How much these roles need to collaborate with other teams mostly depends on each squad’s ownership area and if that’s vertical or horizontal in scope. For example, product teams working on specific features are more vertical in nature and have a narrower scope, so they might need to collaborate less than more horizontal product teams.

Cross-functional collaboration at Hotjar is at a company level. There are a lot of different initiatives that help break down silos, and enable and encourage people to work collaboratively with other teams.

How does Hotjar maintain cross-functional collaboration? Let us count (some of) the ways:

Monthly ‘Ask Me Anything’ meetings: where people bring up big, hairy topics that usually spark a lot of healthy debates and conversations. AMAs are also great for people that want to stay in the loop or want to get involved and contribute to a specific initiative or event.

Quarterly Product Chapter week: where talent splits into small cross-functional teams made up of product, design, data, research, and other disciplines, and each team works on a specific user problem that Hotjar is trying to better understand or solve.

For example, these teams could deal with anything from promoting Hotjar use cases—enabling greater success with the tool—all the way through to unblocking new feature use within the platform.

Weekly, bi-weekly, or monthly sync meetings: team members within each department share what their focus is for the upcoming sprint or quarter and what they're working on. This helps keep teams aligned with their priorities.

The cadence and nature of these syncs is determined by whether teams are collaborating on a project with a specific function, or they need more of a catch-up session. This helps everyone ensure they stay in sync while also respecting each other’s time.

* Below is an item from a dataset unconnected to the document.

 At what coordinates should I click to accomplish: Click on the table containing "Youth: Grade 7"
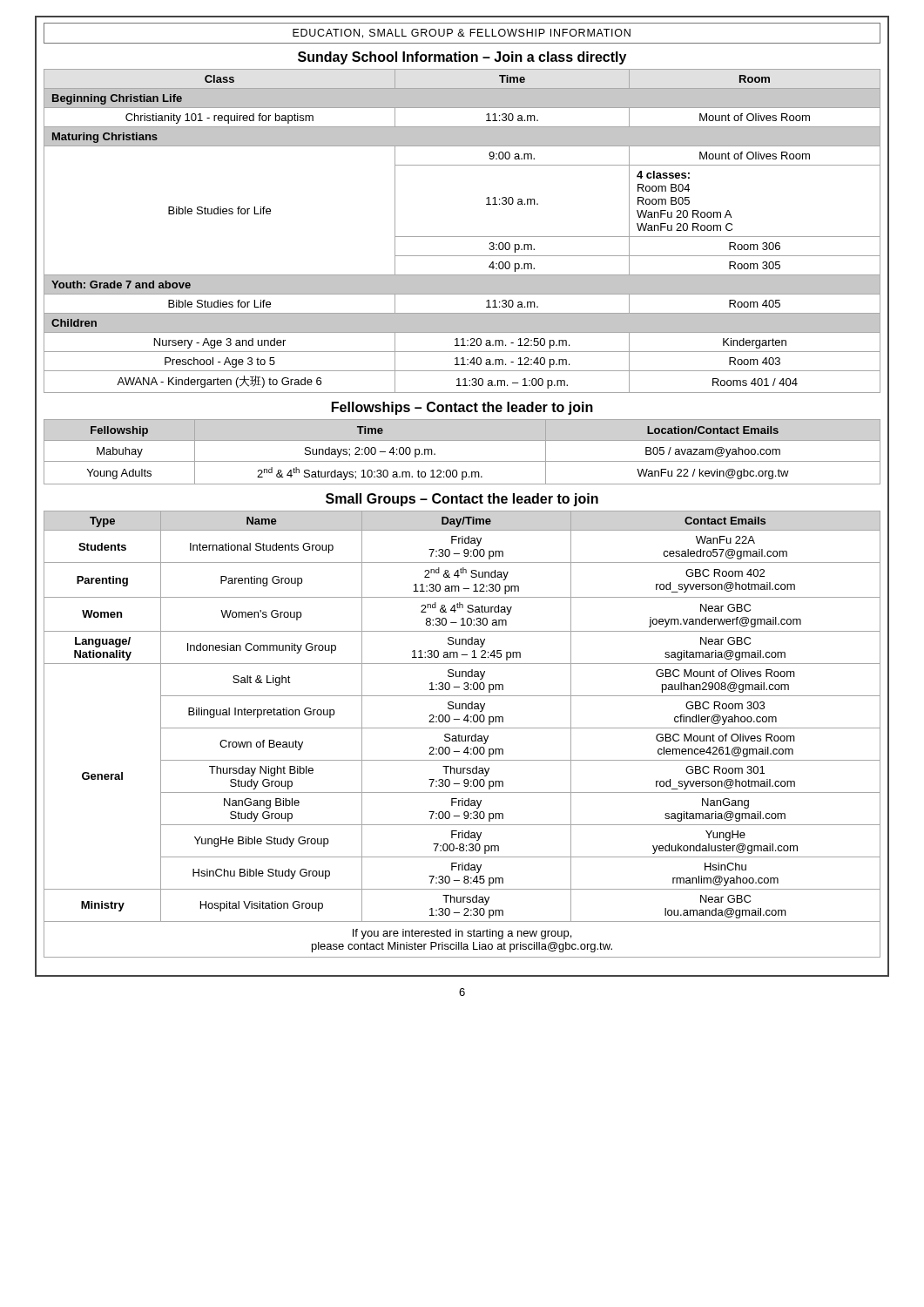pyautogui.click(x=462, y=231)

When collaborating on a project or working on a request from a specific team, Hotjar uses these meetings to discuss any dependencies or blockers, and to set clear expectations on delivery.

Cooperation feedback surveys: after completing a project or initiative, teams send out a survey to everyone they collaborated with. In this survey, teams ask colleagues to rate how proactive they were (in trying to identify the best solution and keeping them up to date) throughout the entire process.

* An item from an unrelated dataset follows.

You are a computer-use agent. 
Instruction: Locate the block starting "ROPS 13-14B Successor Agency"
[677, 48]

Public roadmap: like the rest of the company, Product also keeps a public roadmap for users (in this case Hotjarians) where quarterly focus areas are shared, initiatives currently in progress, and any big-bet items in the product backlog. This keeps other teams in the loop with the product team’s work.

“We don't wait for only when we need these events, or when they need us. We maintain continuously open channels of communication and so far this has worked wonders in not only improving our communication with other teams but also strengthening our relationship with them,” says Lynette Mutungi, Product Manager at Hotjar.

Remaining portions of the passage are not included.